(Problem statement):
Apart from the pictures, print the data below exactly as given.
Segment Open
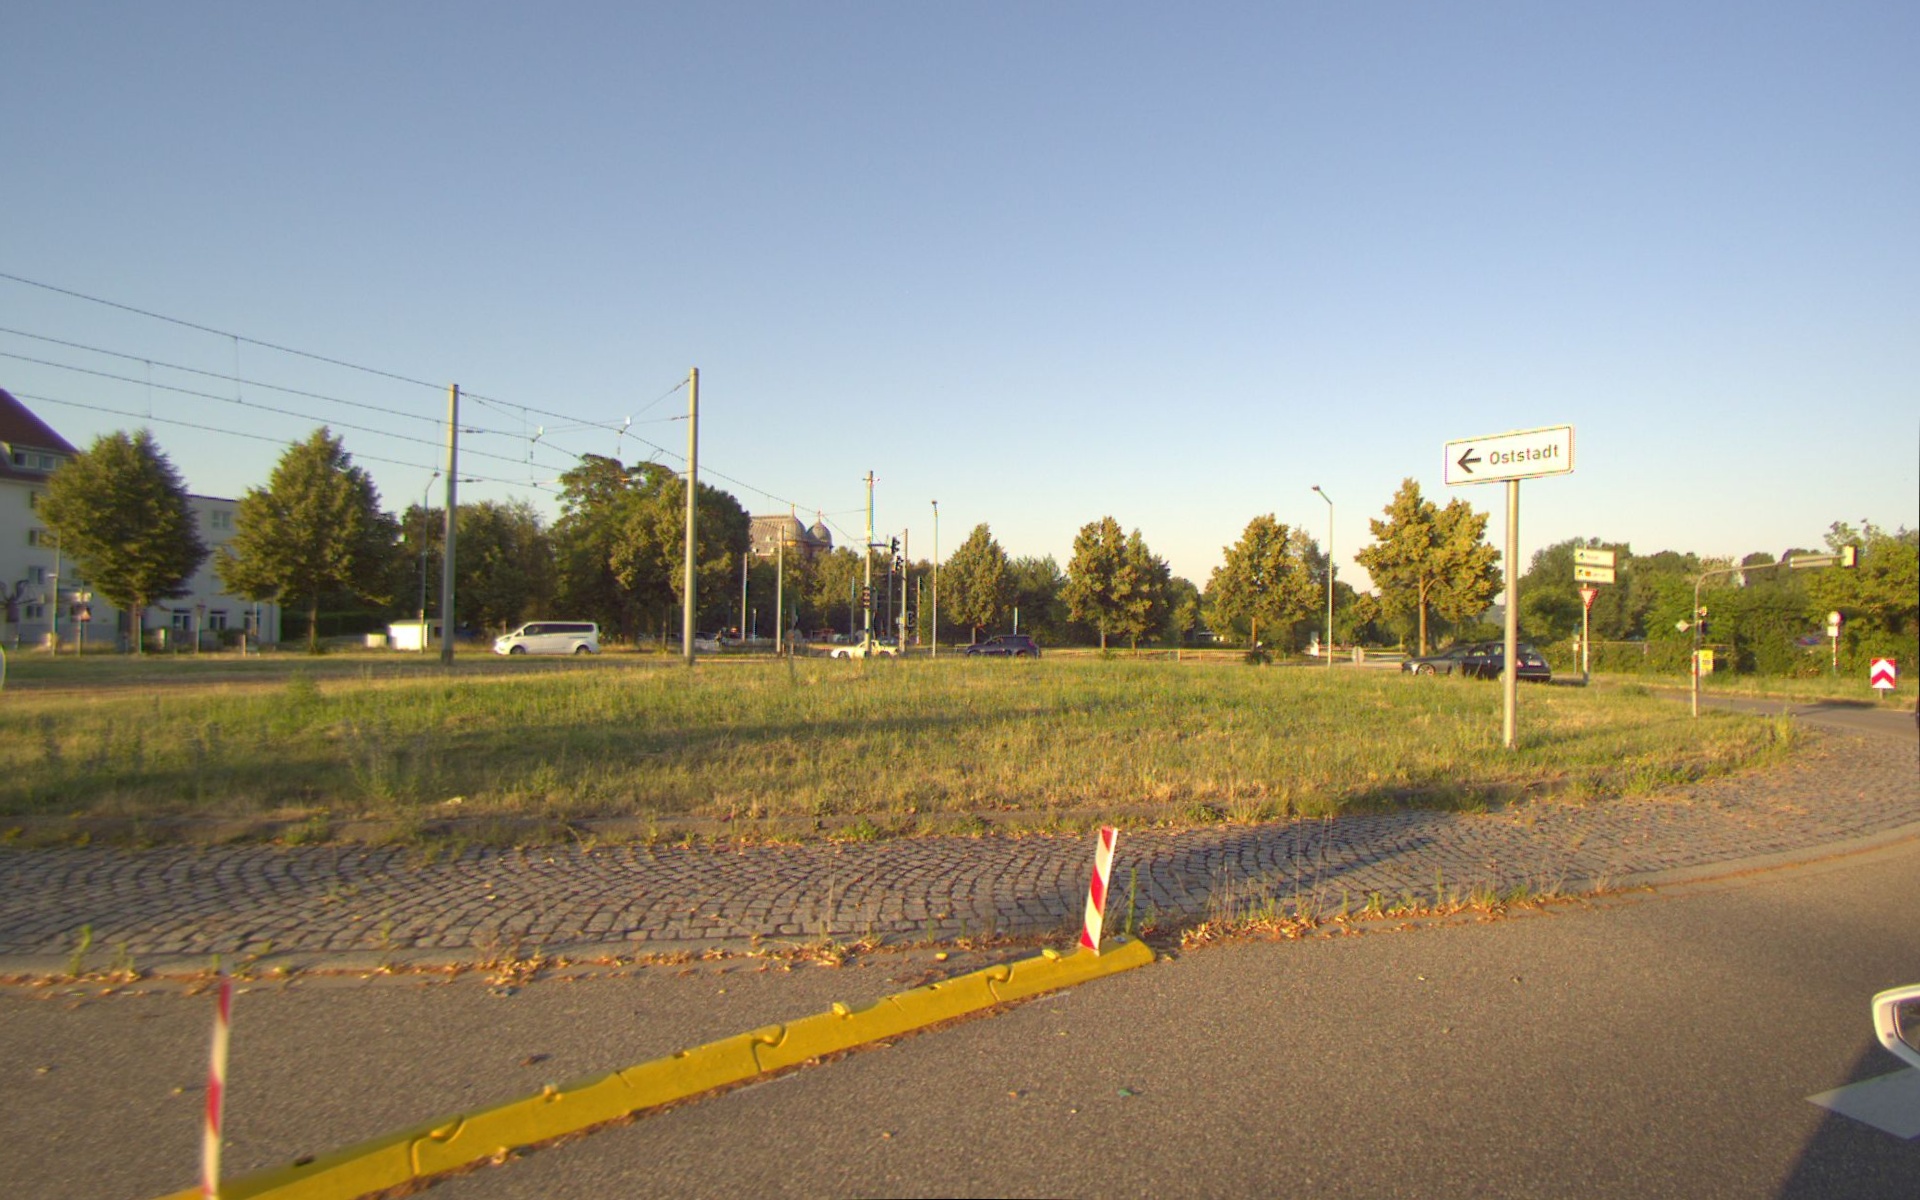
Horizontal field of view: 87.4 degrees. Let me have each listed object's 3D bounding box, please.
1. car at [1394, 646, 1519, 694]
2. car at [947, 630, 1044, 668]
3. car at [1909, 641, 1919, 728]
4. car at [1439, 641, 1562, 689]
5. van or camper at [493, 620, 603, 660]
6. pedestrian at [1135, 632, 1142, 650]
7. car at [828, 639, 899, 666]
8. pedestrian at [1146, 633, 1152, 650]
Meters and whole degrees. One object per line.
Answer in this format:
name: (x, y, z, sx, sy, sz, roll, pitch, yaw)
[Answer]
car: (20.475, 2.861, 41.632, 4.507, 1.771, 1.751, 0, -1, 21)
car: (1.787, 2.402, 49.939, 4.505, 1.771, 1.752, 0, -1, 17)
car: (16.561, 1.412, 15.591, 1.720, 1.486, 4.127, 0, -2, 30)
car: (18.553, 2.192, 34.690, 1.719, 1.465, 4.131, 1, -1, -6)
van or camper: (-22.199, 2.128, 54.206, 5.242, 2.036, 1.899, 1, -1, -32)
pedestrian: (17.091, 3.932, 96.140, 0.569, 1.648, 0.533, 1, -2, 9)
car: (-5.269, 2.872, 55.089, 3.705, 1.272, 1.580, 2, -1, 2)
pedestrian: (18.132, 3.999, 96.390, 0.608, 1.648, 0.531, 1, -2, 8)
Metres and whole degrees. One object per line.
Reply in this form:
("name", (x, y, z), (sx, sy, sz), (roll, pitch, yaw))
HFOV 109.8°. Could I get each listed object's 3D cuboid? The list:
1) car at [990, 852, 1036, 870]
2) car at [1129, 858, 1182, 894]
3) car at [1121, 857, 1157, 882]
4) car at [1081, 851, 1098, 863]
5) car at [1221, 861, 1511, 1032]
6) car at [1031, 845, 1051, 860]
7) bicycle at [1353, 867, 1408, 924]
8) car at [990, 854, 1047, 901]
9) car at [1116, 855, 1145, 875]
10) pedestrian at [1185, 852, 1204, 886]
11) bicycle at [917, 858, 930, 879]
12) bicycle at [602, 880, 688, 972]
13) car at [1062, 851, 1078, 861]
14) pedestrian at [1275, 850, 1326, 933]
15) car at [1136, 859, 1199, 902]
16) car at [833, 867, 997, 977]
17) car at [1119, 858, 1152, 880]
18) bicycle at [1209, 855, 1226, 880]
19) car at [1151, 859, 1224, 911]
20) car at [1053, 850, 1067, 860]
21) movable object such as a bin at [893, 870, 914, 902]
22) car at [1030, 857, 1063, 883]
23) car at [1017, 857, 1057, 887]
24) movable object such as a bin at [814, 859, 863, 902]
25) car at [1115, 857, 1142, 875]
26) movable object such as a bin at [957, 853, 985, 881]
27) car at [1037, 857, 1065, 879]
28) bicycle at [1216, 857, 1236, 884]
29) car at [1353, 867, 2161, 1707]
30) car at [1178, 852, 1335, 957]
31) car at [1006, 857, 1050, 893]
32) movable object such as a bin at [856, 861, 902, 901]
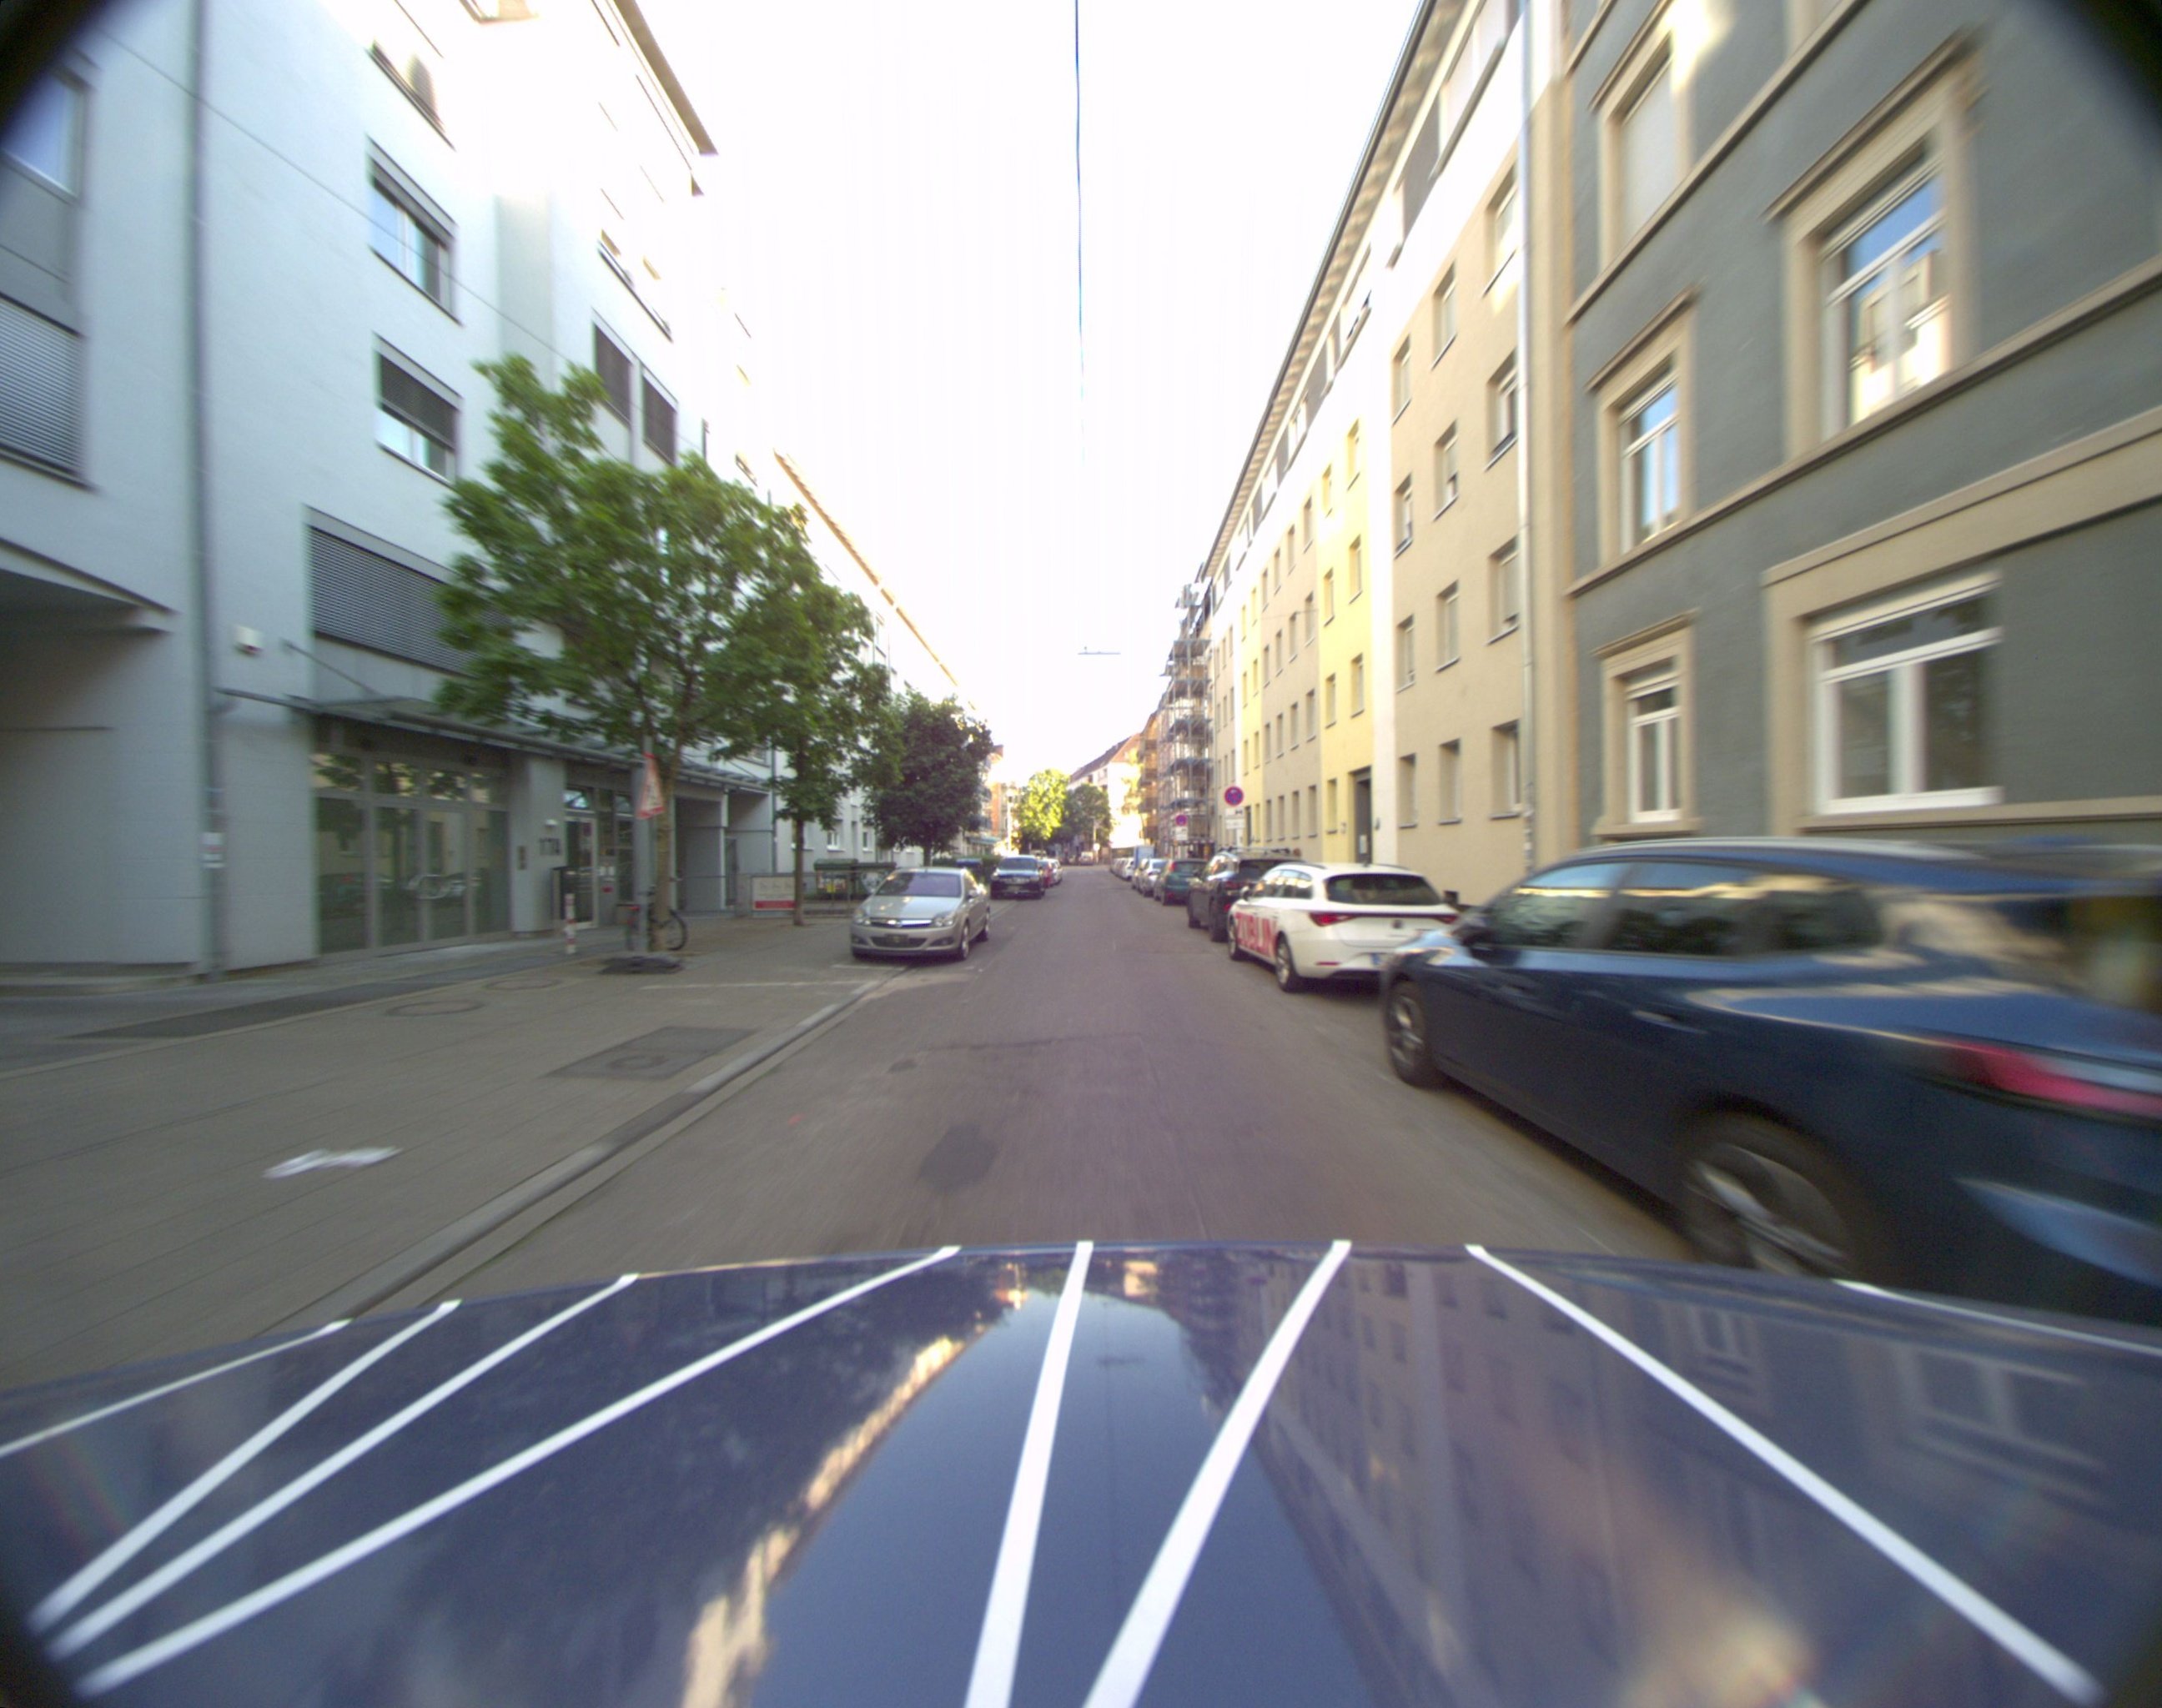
Segment Closed
(Answer for this exercise):
Horizontal field of view: 87.4 degrees. Let me have each listed object's 3D bounding box, please.
1. car at [1394, 646, 1519, 694]
2. car at [947, 630, 1044, 668]
3. car at [1909, 641, 1919, 728]
4. car at [1439, 641, 1562, 689]
5. van or camper at [493, 620, 603, 660]
6. pedestrian at [1135, 632, 1142, 650]
7. car at [828, 639, 899, 666]
8. pedestrian at [1146, 633, 1152, 650]
Meters and whole degrees. One object per line.
Answer in this format:
name: (x, y, z, sx, sy, sz, roll, pitch, yaw)
[Answer]
car: (20.475, 2.861, 41.632, 4.507, 1.771, 1.751, 0, -1, 21)
car: (1.787, 2.402, 49.939, 4.505, 1.771, 1.752, 0, -1, 17)
car: (16.561, 1.412, 15.591, 1.720, 1.486, 4.127, 0, -2, 30)
car: (18.553, 2.192, 34.690, 1.719, 1.465, 4.131, 1, -1, -6)
van or camper: (-22.199, 2.128, 54.206, 5.242, 2.036, 1.899, 1, -1, -32)
pedestrian: (17.091, 3.932, 96.140, 0.569, 1.648, 0.533, 1, -2, 9)
car: (-5.269, 2.872, 55.089, 3.705, 1.272, 1.580, 2, -1, 2)
pedestrian: (18.132, 3.999, 96.390, 0.608, 1.648, 0.531, 1, -2, 8)
Metres and whole degrees. One object per line.
Reply in this form:
("name", (x, y, z), (sx, sy, sz), (roll, pitch, yaw))
HFOV 109.8°. Could I get each listed object's 3D cuboid? The list:
1) car at [990, 852, 1036, 870]
2) car at [1129, 858, 1182, 894]
3) car at [1121, 857, 1157, 882]
4) car at [1081, 851, 1098, 863]
5) car at [1221, 861, 1511, 1032]
6) car at [1031, 845, 1051, 860]
7) bicycle at [1353, 867, 1408, 924]
8) car at [990, 854, 1047, 901]
9) car at [1116, 855, 1145, 875]
10) pedestrian at [1185, 852, 1204, 886]
11) bicycle at [917, 858, 930, 879]
12) bicycle at [602, 880, 688, 972]
13) car at [1062, 851, 1078, 861]
14) pedestrian at [1275, 850, 1326, 933]
15) car at [1136, 859, 1199, 902]
16) car at [833, 867, 997, 977]
17) car at [1119, 858, 1152, 880]
18) bicycle at [1209, 855, 1226, 880]
19) car at [1151, 859, 1224, 911]
20) car at [1053, 850, 1067, 860]
21) movable object such as a bin at [893, 870, 914, 902]
22) car at [1030, 857, 1063, 883]
23) car at [1017, 857, 1057, 887]
24) movable object such as a bin at [814, 859, 863, 902]
25) car at [1115, 857, 1142, 875]
26) movable object such as a bin at [957, 853, 985, 881]
27) car at [1037, 857, 1065, 879]
28) bicycle at [1216, 857, 1236, 884]
29) car at [1353, 867, 2161, 1707]
30) car at [1178, 852, 1335, 957]
31) car at [1006, 857, 1050, 893]
32) movable object such as a bin at [856, 861, 902, 901]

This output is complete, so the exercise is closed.